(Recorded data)
= = = =

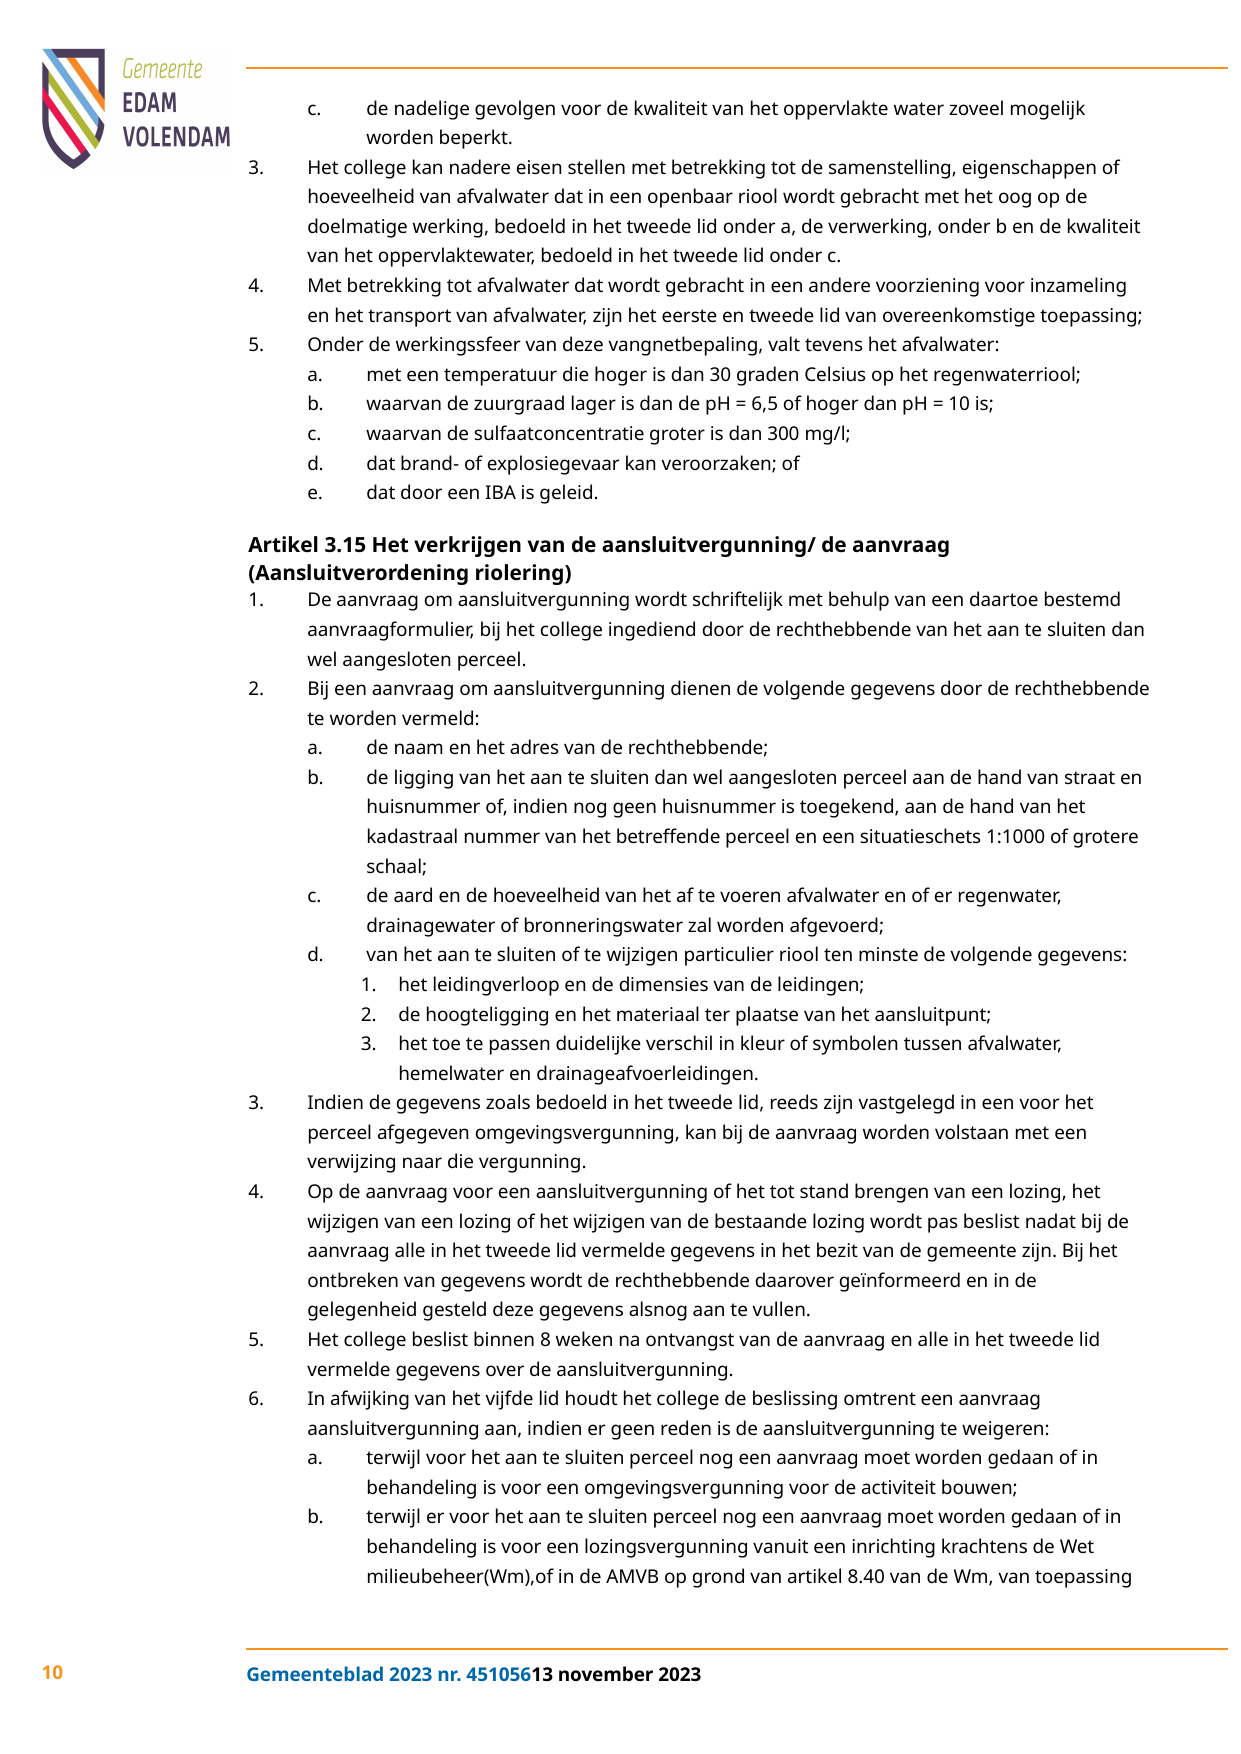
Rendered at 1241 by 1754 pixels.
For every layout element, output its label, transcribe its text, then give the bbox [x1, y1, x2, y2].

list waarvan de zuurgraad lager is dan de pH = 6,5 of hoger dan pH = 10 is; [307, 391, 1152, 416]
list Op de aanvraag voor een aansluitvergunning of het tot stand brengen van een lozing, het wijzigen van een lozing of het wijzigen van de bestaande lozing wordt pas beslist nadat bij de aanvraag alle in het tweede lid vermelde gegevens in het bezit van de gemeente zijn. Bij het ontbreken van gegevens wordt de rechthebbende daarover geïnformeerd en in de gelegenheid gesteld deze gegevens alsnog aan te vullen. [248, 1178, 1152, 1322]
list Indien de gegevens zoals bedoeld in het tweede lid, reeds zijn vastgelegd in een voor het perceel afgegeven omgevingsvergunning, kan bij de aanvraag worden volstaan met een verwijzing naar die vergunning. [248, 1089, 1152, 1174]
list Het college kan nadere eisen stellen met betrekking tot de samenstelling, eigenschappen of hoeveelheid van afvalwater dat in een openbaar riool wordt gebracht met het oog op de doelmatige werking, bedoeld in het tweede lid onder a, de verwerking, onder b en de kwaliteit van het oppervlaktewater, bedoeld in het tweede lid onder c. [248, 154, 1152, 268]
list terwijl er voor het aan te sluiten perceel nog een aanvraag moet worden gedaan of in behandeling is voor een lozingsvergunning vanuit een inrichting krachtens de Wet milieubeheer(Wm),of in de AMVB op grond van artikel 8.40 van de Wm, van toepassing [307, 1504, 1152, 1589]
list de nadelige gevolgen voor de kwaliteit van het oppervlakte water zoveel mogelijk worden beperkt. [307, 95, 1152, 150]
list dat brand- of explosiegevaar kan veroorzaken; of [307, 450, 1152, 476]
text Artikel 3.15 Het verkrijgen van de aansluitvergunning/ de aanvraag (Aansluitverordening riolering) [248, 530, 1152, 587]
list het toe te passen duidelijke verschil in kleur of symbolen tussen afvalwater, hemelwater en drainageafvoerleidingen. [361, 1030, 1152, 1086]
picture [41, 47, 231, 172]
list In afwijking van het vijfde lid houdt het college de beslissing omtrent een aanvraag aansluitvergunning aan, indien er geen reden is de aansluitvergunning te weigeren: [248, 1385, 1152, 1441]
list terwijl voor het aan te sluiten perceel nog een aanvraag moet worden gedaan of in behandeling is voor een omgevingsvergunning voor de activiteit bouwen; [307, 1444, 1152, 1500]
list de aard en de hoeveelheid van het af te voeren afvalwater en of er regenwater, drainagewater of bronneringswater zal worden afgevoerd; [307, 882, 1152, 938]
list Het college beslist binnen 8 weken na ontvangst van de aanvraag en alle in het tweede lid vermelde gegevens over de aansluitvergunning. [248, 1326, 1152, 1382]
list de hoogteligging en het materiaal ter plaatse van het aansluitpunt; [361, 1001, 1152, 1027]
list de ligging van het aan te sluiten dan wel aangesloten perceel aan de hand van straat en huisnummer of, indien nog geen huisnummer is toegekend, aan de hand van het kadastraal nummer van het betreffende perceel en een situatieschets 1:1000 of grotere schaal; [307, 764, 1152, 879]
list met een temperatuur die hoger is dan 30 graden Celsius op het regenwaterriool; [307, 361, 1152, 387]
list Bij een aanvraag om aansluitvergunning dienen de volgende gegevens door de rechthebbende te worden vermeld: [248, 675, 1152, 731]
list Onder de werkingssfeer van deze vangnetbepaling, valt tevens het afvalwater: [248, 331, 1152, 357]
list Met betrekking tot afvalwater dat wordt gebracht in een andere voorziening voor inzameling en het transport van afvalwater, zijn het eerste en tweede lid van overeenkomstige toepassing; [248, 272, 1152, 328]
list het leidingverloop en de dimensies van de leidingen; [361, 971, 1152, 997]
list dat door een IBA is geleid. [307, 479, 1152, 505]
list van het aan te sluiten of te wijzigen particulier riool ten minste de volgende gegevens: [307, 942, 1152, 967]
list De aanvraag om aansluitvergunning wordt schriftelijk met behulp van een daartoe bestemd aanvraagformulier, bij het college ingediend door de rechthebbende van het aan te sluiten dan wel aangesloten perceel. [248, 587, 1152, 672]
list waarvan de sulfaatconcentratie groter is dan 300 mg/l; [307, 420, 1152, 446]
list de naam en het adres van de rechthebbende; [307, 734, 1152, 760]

= = = =

Using the entries above, give back exactly the line containing "list waarvan de zuurgraad", the line containing "list Op de aanvraag", and every line between them, and nothing else.

list waarvan de zuurgraad lager is dan de pH = 6,5 of hoger dan pH = 10 is; [307, 391, 1152, 416]
list Op de aanvraag voor een aansluitvergunning of het tot stand brengen van een lozing, het wijzigen van een lozing of het wijzigen van de bestaande lozing wordt pas beslist nadat bij de aanvraag alle in het tweede lid vermelde gegevens in het bezit van de gemeente zijn. Bij het ontbreken van gegevens wordt de rechthebbende daarover geïnformeerd en in de gelegenheid gesteld deze gegevens alsnog aan te vullen. [248, 1178, 1152, 1322]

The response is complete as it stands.